The billionaire philanthropist, who said he’ll decide soon on whether to run for president, has been crisscrossing the nation for months and paying close attention to early primary states and Florida, the nation’s biggest swing state, which he has visited twice since January. Bloomberg discussed climate change in an Orlando stop earlier Friday before heading to Miami.
Miami-Dade County, the most-populous county in the state, is a fertile ground for discussing immigration; it has one of the largest immigrant populations in the United States and more than half the county’s residents are foreign born, with 93 percent of them from Latin America. Statewide, almost 17 percent of registered voters are Hispanic.
Playing up his family’s immigrant roots and those of the audience, Bloomberg portrayed Trump’s immigration policies and rhetoric as dangerous and divisive demagoguery.
“From the day he announced his campaign, Donald Trump has never stopped trying to scapegoat immigrants,” he said. “It is Mexicans and Central Americans today, but it could just as easily be Cubans or Lithuanians tomorrow … My family. Your family.”
Supporting comprehensive immigration reform, however, is no sure bet to winning Florida’s Hispanic vote, which is fractured between those of Cuban, Puerto Rican and South and Central American descent.
Trump’s surprise 2016 Florida win, which came on the heels of harsh anti-immigration rhetoric, proved pundits wrong that the path to capturing the Hispanic vote and winning the Sunshine State was paved with moderation. Indeed, Trump’s 2016 campaign came to believe that the more Democrats criticized Trump as a racist and xenophobe over immigration, the more it drove support to him among white working class voters in the state and the nation’s rust belt.
Trump’s 2020 campaign said in a written statement that Bloomberg’s criticisms missed the mark.
“Mike Bloomberg and his left-wing allies’ attempt to paint anyone seeking secure borders with insults and attacks shows just how out of touch they are with the American people,” the statement said.
This year, Democrats characterized the president’s decision to temporarily shut down the government in order to get funding to build more of a border wall with Mexico as a losing position for him. They believe his family-separation policy helped drive swing voters toward Democrats in the just-ended midterm elections when Democrats won control of the U.S. House.
“It would be hard to imagine a more un-American policy than that and we should never stand for it,” Bloomberg said.
Bloomberg also highlighted the president’s handling of immigration as a way paint Trump as incompetent, a theme he began driving home last month.
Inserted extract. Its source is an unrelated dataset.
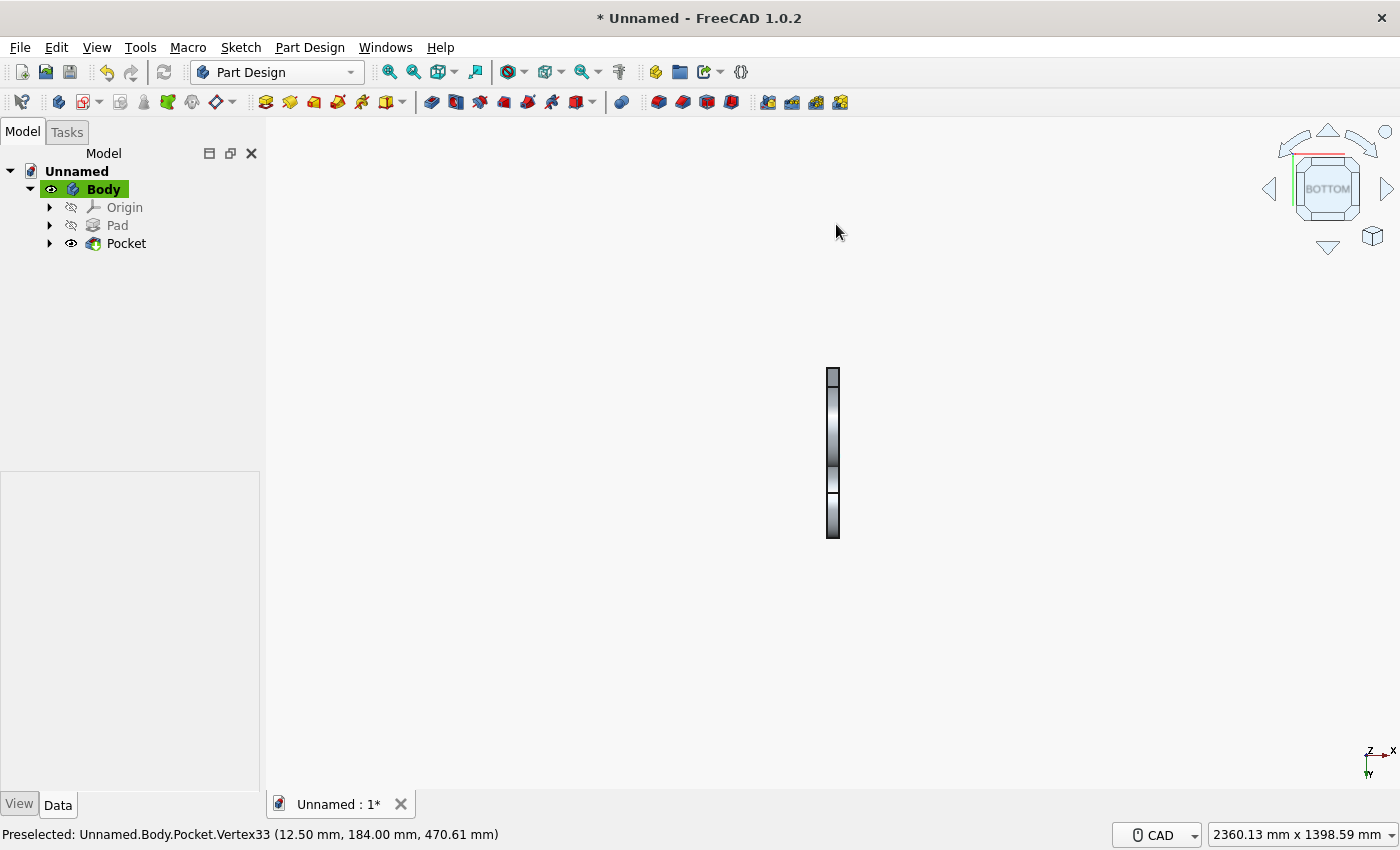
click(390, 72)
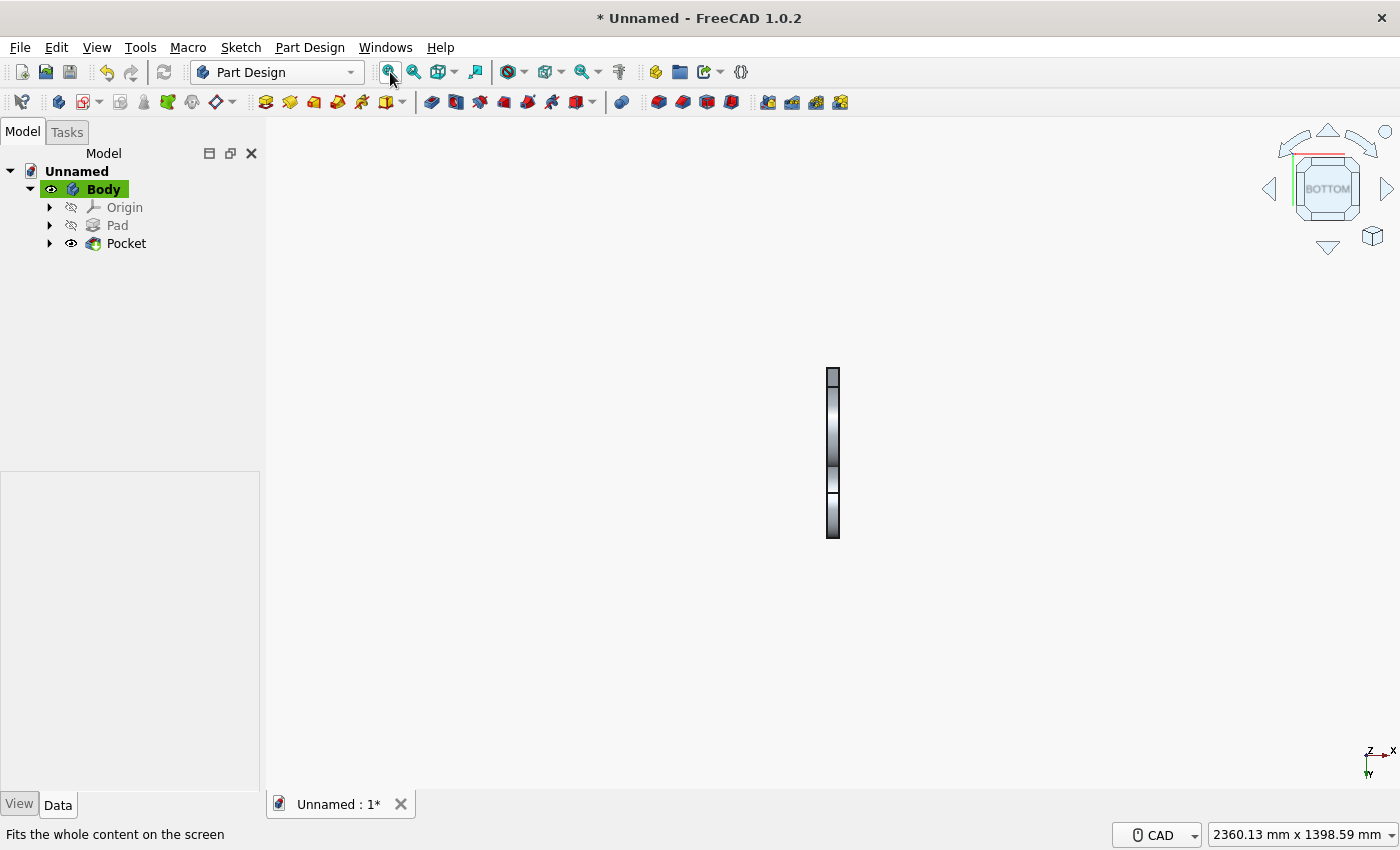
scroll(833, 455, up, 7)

“Unfortunately, children at the border are not the only young people affected by the president’s xenophobia. Foreign student enrollment in the United States declined again last year, because many young people fear they won’t be welcome here,” Bloomberg said Friday night. “Those students are choosing places like Montreal over Miami and we are losing out on the talent we need for the future.”
The speech, in which Bloomberg stopped just shy of announcing a presidential bid, was generally well-received by the audience. But some thought it was a little too much of a campaign address.
“Too Trump focused but I guess that’s necessary in a ‘D’ primary,” former Republican Congressman Carlos Curbelo of Miami, a supporter of comprehensive immigration reform, said in a text message to POLITICO.